In this week’s Digest we have:
🎢 My latest essay on the mental model of Inversion
😴 A deep dive into Zoom Fatigue
⌛️ The importance of working quickly
🎧 Two epic podcast episodes
🥃 Some thoughts on Owl Legs
Let’s dive in. Have an epic week!
Dickie
🎢 Inversion: The Reframing Technique of Top Thinkers
This week I wrote an essay on the mental model of Inversion. I explored the value of inverting problems and how I’ve applied it to improve my productivity, sleep, energy levels, and personal finances.
You can check out the essay here and see the Tweet thread version of it below.
😴 Why Does Zoom Exhaust Us? Science May Have an Answer
When work-from-home started, I liked the idea of Zoom meetings. Four months in, I’ve started to dread them. I physically feel my energy levels fall when I see an upcoming calendar event with “Click Here to Join Zoom” posted in the meeting planner.
Why is this? This WSJ article explores the evolutionary reasons behind Zoom fatigue. In regular face-to-face conversation, energy flows between speakers with non-verbal cues, body language, and conversational give-and-take. On Zoom, the slight delay, lack of eye contact, and silent feedback make the conversation all give and no take.
Do you feel the same way, or is it just me?
⌛️ Speed Matters: Why Working Quickly Is More Important Than It Seems
Reading this essay transformed the way I think about work and time. The obvious benefit of working quickly is that you’ll finish more stuff per unit time. But there’s more to it than that. If you work quickly, the cost of doing something new will seem lower in your mind; it’ll have lower activation energy.
Part of the activation energy required to start any task comes from the picture you get in your head when you imagine doing it. It may not be that going for a run is actually costly; but if it feels costly, if the picture in your head looks like a slog, then you will need a bigger expenditure of will to lace up.
🎧 This Week in Podcasts
This week I listened to and took notes on two epic podcasts. I’ve been creating Twitter threads with notes on each podcast I listen to, so be sure to follow me on Twitter if you aren’t already.
The first was the weekly edition of the Prof. G Show with NYU Marketing Professor Scott Galloway. The episode takes a deep dive into Twitter’s subscription model, Lemonade’s IPO, and interviews urban sociologist Richard Florida to get his outlook on cities post-COVID.

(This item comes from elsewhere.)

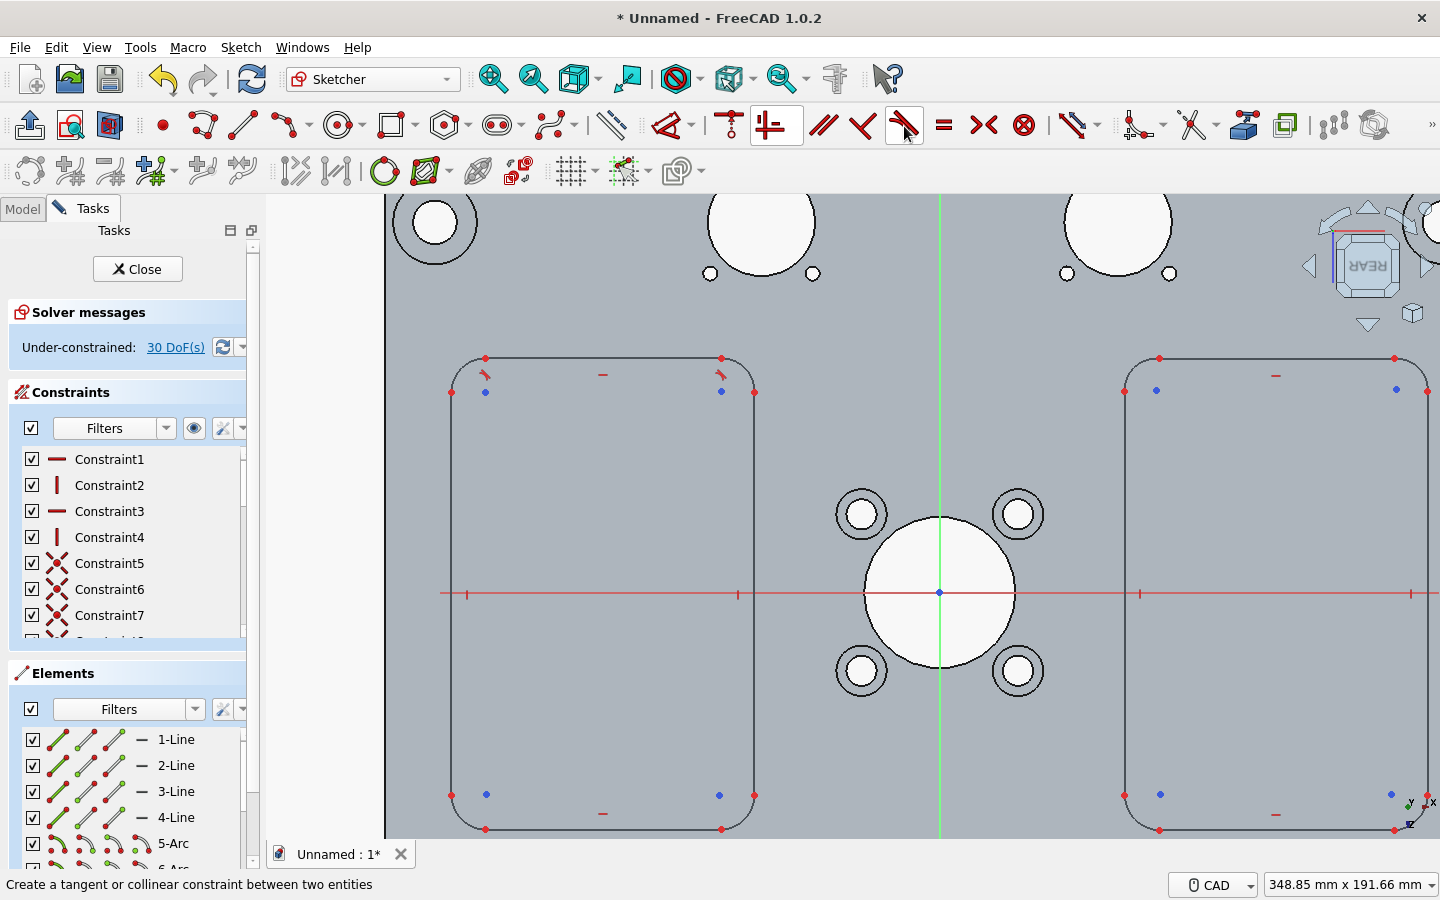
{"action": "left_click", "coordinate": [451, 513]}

The second episode was an interview between Tim Ferris and Hugh Jackman. They talk morning routines, meditation, decision making, and the 85% rule. I could listen to these two guys talk for hours.
📚 Kindle Highlight of the Week
But we have to sleep sometime... Agreed. But nature set a limit on that, as it did on eating and drinking. And you're over the limit. You've had more than enough of that. But not working. There you're still below your quota.
From Meditations by Marcus Aurelius. You can find other books I’m reading at dickiebush.com/books.
🥃 Chasers
Thanks for reading!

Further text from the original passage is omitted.